These are the key concepts you need to understand to accurately answer the question.

Probability Distribution
When we talk about probability distribution, we refer to a mathematical function that provides the probabilities of occurrence of different possible outcomes for an experiment. It's a system to show all the potential results for a random variable along with their respective probabilities.

Imagine you roll a die; the probability distribution would list the likelihood of rolling a one, a two, and so on, all the way up to a six. In mathematical terms, if the random variable we are considering is a discrete one, meaning it can take on countable values, then the distribution is described by a probability mass function. Conversely, for a continuous random variable, we use a probability density function.

The importance of understanding a probability distribution lies in its power to predict the chance of any outcome occurring, making it a foundational concept in both statistics and real-world decision making. Distributions can be uniform, meaning every outcome has the same likelihood; binomial, for a fixed number of independent yes/no trials each with the same probability of success; or like our example of a playlist, geometric among others. The geometric probability distribution, in particular, is unique in that it represents the number of trials up until the first success.
Random Variable
A random variable is a rule that assigns a number to each outcome of a random circumstance.

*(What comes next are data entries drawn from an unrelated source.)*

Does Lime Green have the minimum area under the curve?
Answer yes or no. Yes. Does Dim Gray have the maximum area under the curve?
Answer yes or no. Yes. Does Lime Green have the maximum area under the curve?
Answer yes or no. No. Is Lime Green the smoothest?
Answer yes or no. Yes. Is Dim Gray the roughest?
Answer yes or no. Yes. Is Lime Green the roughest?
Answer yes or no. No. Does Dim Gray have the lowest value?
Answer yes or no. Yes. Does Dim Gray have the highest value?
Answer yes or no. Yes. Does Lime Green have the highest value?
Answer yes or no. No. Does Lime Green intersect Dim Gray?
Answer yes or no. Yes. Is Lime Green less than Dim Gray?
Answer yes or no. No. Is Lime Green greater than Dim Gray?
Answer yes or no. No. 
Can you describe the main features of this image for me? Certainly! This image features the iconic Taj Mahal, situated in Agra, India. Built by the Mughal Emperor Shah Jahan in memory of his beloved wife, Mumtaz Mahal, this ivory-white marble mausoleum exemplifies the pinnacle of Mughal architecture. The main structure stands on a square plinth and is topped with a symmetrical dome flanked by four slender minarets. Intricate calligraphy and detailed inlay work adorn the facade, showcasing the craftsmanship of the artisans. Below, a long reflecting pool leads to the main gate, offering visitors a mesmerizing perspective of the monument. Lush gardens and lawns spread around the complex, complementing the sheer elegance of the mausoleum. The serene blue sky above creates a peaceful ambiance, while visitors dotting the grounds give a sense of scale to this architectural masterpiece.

Essentially, it's a quantitative label that helps summarize the results of random events. For example, if we flip a coin, we might define our random variable to be 0 if we get tails and 1 if we get heads. This helps turn abstract random events into concrete numerical values.

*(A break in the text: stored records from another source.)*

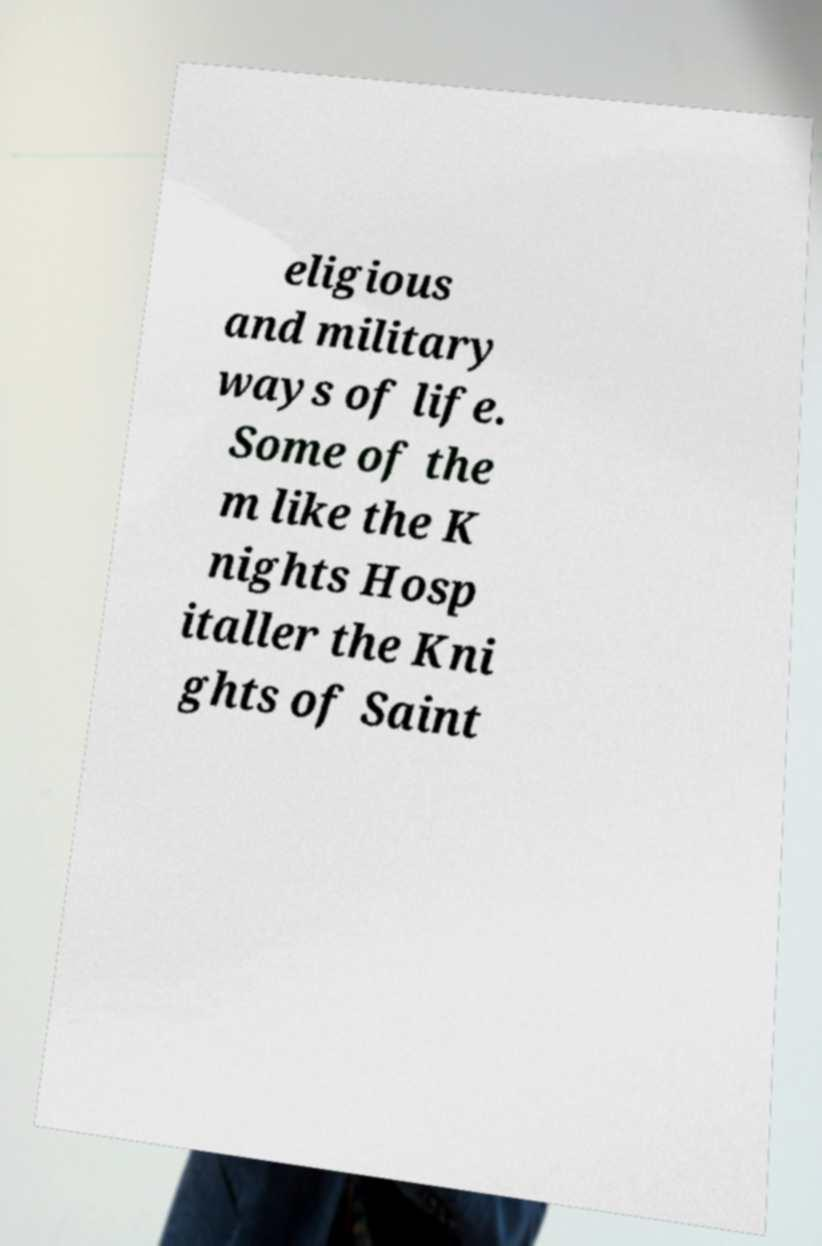What messages or text are displayed in this image? I need them in a readable, typed format. eligious and military ways of life. Some of the m like the K nights Hosp italler the Kni ghts of Saint 
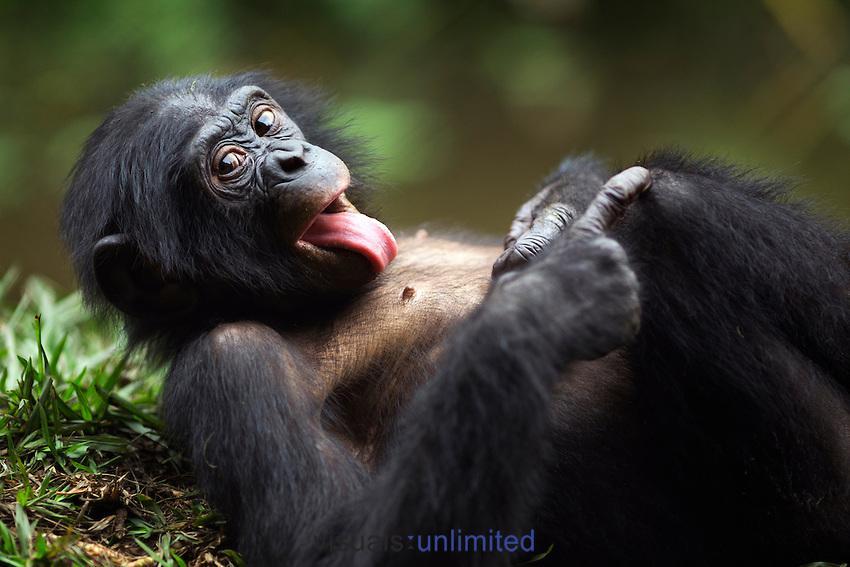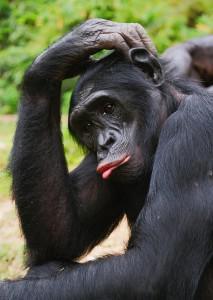The first image is the image on the left, the second image is the image on the right. Evaluate the accuracy of this statement regarding the images: "An image shows an adult and a younger chimp chest to chest in a hugging pose.". Is it true? Answer yes or no. No. The first image is the image on the left, the second image is the image on the right. Considering the images on both sides, is "In one image, two chimpanzees are hugging, while one chimpanzee in a second image has its left arm raised to head level." valid? Answer yes or no. No. 
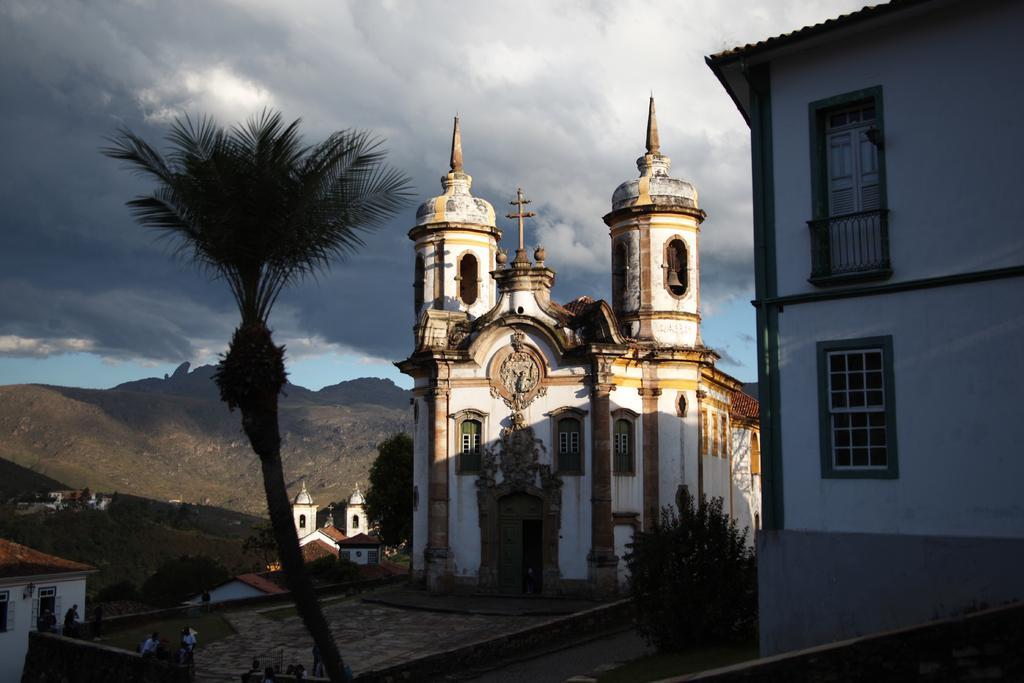In one or two sentences, can you explain what this image depicts? In this picture we can see houses, plants, trees, and few people. In the background we can see a mountain and sky with clouds. 
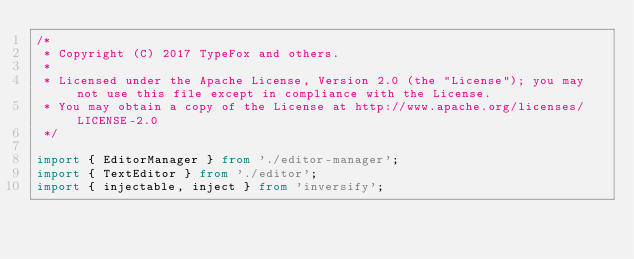<code> <loc_0><loc_0><loc_500><loc_500><_TypeScript_>/*
 * Copyright (C) 2017 TypeFox and others.
 *
 * Licensed under the Apache License, Version 2.0 (the "License"); you may not use this file except in compliance with the License.
 * You may obtain a copy of the License at http://www.apache.org/licenses/LICENSE-2.0
 */

import { EditorManager } from './editor-manager';
import { TextEditor } from './editor';
import { injectable, inject } from 'inversify';</code> 
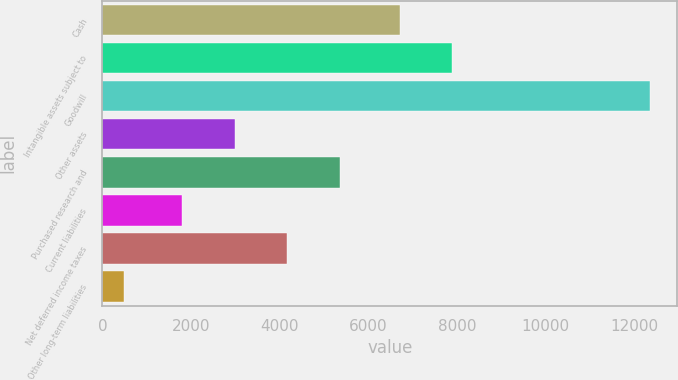Convert chart to OTSL. <chart><loc_0><loc_0><loc_500><loc_500><bar_chart><fcel>Cash<fcel>Intangible assets subject to<fcel>Goodwill<fcel>Other assets<fcel>Purchased research and<fcel>Current liabilities<fcel>Net deferred income taxes<fcel>Other long-term liabilities<nl><fcel>6708<fcel>7893.9<fcel>12354<fcel>2988.9<fcel>5360.7<fcel>1803<fcel>4174.8<fcel>495<nl></chart>

In the case of the MP3 player, the random variable (\(x\)) captures the number of songs played until a track by a specific artist begins. We use random variables because they enable us to quantify and hence calculate the probability of events, especially when dealing with complex scenarios like predicting weather patterns or calculating insurance premiums. The random variable can be discrete or continuous, and as seen in the exercise, it is crucial in shaping the type of probability distribution we rely on.
Geometric Probability
Delving into the realm of geometric probability, we uncover a distribution that is rather specific and unique. It unveils the likelihood that the first event of interest will occur on the \(k\text{-th}\) trial. The geometric distribution is exclusively focused on scenarios where you have a sequence of independent Bernoulli trials - these are experiments with exactly two possible outcomes like success and failure.

In our playlist scenario, the 'success' is selecting a song by a particular artist. What makes the geometric distribution distinct is its 'memoryless' property, which means the probability of success on a given trial is the same regardless of how many trials precede it. As with our example, if we haven't heard a song by the artist after several songs, the probability of the next song being by that artist remains unchanged. This concept is crucial in various fields such as reliability testing of electronics, where manufacturers might be interested in the expected number of uses before the first failure occurs.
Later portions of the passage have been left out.